マンション投資で最も重要な意思決定が「どのエリアのどんな物件を選ぶか」です。東京都心・川崎・横浜・大阪・福岡の主要エリア別に、賃貸需要・賃料相場・入居率データを四冠ホルダーが比較します。
目次
エリア選びの基本:3つの視点
- 賃貸需要の安定性:単身者・DINKS世帯の人口流入が続いているか
- 賃料水準と利回り:都市部は賃料は高いが利回りは低め。郊外は逆。バランスを見る
- 売却時の流動性:需要が高いエリアは売りたい時に売れる(出口の確保)
主要エリア別の特徴比較
| エリア | 賃料水準(ワンルーム) | 投資利回り目安 | 賃貸需要 | 特徴 |
|---|---|---|---|---|
| 東京都心(港・渋谷・新宿・千代田) | 8〜15万円/月 | 3〜4%前後 | 極めて高い | 価格が高い分、売却時の流動性も最高。

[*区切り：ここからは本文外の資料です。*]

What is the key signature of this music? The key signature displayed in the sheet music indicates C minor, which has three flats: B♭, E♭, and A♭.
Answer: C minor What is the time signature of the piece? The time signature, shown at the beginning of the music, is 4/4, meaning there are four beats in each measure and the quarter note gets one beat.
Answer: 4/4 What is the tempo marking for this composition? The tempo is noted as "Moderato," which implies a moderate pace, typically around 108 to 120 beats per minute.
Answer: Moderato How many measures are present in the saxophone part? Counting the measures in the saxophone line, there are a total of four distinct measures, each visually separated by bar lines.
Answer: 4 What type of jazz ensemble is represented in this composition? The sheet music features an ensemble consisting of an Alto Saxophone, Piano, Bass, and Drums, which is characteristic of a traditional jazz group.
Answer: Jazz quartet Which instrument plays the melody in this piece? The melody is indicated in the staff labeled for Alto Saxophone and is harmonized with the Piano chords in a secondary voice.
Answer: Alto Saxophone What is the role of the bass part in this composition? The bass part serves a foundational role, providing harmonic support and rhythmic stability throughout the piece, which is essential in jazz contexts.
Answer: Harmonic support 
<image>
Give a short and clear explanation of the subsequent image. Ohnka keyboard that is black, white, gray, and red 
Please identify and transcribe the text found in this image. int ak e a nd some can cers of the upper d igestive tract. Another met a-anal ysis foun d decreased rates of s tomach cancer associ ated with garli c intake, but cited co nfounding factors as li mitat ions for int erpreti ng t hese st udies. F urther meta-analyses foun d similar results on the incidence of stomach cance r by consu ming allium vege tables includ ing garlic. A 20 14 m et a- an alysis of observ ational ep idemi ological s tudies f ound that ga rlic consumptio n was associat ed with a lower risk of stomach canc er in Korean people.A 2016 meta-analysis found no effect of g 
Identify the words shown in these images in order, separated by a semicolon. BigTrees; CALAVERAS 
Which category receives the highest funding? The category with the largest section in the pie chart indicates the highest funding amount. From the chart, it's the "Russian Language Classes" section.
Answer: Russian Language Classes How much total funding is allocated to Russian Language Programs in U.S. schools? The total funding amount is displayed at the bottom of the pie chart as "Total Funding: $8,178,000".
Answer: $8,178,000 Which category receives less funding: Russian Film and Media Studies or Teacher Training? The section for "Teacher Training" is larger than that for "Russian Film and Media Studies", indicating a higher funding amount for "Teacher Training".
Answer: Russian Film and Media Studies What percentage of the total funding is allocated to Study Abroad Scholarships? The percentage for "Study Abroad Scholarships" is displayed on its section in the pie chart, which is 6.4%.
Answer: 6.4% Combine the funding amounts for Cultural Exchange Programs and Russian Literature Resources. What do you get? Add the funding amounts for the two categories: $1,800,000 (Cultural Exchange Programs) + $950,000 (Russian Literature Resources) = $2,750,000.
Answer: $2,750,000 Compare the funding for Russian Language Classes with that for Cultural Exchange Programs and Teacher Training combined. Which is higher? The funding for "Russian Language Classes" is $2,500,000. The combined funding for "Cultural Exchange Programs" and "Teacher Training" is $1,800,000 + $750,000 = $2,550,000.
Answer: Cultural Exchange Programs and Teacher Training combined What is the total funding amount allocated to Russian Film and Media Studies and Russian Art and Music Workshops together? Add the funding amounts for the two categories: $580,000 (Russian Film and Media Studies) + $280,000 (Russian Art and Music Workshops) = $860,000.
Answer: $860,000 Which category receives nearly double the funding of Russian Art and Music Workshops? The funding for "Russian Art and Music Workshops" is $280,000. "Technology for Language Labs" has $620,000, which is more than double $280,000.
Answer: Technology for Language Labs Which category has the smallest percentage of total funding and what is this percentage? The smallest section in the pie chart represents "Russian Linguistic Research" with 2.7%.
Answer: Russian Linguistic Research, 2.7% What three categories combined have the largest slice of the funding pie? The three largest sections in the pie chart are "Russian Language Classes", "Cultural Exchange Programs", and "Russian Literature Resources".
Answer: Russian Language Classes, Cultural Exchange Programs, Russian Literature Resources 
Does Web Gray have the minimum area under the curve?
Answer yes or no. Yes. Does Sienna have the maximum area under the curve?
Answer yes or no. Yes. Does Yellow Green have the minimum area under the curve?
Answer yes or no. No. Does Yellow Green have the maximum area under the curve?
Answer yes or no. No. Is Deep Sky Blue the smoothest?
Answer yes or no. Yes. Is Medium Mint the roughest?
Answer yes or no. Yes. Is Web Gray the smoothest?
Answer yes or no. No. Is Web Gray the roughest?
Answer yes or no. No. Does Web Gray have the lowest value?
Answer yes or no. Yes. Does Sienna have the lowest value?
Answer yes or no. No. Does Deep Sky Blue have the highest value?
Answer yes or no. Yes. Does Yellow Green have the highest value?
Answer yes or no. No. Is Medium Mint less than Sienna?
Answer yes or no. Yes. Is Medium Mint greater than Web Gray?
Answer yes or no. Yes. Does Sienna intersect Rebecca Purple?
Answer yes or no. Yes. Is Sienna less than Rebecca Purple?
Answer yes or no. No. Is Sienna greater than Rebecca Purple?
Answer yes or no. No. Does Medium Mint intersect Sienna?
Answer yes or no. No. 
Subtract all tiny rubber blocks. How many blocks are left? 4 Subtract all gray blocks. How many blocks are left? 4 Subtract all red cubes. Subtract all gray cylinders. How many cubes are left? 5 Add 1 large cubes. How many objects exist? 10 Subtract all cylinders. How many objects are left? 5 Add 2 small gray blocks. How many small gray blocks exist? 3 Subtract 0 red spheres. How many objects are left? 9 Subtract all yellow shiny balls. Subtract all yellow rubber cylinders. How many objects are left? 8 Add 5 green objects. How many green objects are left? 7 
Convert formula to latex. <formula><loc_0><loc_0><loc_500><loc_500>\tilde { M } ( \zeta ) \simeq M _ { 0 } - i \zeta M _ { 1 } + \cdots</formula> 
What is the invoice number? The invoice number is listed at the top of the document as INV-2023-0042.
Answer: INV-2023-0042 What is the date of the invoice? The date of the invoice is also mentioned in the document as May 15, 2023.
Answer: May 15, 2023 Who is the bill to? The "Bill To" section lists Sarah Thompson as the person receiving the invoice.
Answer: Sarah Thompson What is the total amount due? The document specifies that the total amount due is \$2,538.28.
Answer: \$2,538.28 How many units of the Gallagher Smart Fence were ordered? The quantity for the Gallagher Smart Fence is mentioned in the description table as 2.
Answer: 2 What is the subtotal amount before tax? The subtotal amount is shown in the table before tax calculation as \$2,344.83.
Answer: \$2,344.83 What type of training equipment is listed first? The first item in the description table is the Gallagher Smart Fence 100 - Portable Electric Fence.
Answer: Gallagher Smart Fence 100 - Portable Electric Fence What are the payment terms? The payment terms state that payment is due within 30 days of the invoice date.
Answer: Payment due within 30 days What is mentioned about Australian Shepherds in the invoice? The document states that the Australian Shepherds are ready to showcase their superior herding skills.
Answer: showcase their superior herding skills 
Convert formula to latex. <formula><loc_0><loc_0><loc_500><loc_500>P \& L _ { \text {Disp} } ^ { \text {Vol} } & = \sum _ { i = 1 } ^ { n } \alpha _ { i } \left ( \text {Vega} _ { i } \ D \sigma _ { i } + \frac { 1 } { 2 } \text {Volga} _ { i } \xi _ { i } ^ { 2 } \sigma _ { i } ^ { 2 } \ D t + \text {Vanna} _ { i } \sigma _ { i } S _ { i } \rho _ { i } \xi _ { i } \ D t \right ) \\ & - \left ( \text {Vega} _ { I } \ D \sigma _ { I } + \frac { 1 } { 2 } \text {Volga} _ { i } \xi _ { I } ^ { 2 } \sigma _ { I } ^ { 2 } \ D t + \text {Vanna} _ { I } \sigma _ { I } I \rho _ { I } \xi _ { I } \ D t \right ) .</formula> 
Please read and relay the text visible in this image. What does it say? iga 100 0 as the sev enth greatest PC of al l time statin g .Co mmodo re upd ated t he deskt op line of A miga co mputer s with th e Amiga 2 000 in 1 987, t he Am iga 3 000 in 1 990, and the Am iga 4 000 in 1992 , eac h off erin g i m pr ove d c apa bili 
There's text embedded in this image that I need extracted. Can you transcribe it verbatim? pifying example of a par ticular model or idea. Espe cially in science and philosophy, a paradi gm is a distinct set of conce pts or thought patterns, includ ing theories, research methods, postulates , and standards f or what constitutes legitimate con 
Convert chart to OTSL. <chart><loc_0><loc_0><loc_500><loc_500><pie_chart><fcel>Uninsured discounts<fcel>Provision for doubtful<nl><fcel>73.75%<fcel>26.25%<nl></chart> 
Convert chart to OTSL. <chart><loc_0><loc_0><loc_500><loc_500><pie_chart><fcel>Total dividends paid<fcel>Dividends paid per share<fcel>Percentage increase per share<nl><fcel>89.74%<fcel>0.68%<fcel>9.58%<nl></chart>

資産価値維持しやすい |
| 東京城南・城西(目黒・世田谷・杉並) | 7〜12万円/月 | 3.5〜4.5% | 高い | ファミリー層・DINKSにも需要。比較的割安感 |
| 東京城北・城東(足立・葛飾・江戸川) | 6〜9万円/月 | 4〜5.5% | 中〜高 | 価格が手頃。利回りは出やすいが売却時に時間がかかることも |
| 川崎・横浜 | 6〜10万円/月 | 4〜5% | 高い | 東京へのアクセス良好。ファミリー・単身両方の需要あり |
| 大阪(梅田・難波・天王寺周辺) | 5〜9万円/月 | 4.5〜6% | 高い | 利回りが高く、インバウンド需要も回復。東京より割安 |
| 福岡(博多・天神周辺) | 5〜8万円/月 | 5〜7% | 中〜高 | 人口増加都市。利回りは高いが売却時の市場規模に注意 |
駅距離別の入居率・賃料への影響
| 駅からの距離 | 入居率への影響 | 賃料への影響 |
|---|---|---|
| 徒歩1〜5分 | 最高(97〜99%以上) | 最高(プレミアム賃料を取れる) |
| 徒歩6〜10分 | 高い(93〜97%) | 5〜10%程度低下 |
| 徒歩11〜15分 | 中程度(88〜93%) | 15〜20%程度低下 |
| 徒歩15分超・バス利用 | 低い(85%以下) | 20〜30%以上低下 |
築年数と投資価値の関係
- 新築〜築5年:入居付けやすい・ローン審査有利。ただし割高で利回りは低め
- 築10〜20年:価格・利回りのバランスが良い。設備が古くなる前に大規模修繕の状況を確認
- 築20〜30年:利回りは出やすいが大規模修繕費・修繕積立金不足リスクを必ず確認
- 築30年超:安く買えるが融資がつきにくく出口も難しい。玄人向け
プロが物件を選ぶ際に最初に確認すること
- 管理組合の修繕積立金の積立状況と長期修繕計画
- 過去の入居率・賃料推移(管理会社から入手)
- 競合物件の供給状況(周辺に同条件の物件が多くないか)
- 未公開物件情報へのアクセス(公開物件は出遅れが多い)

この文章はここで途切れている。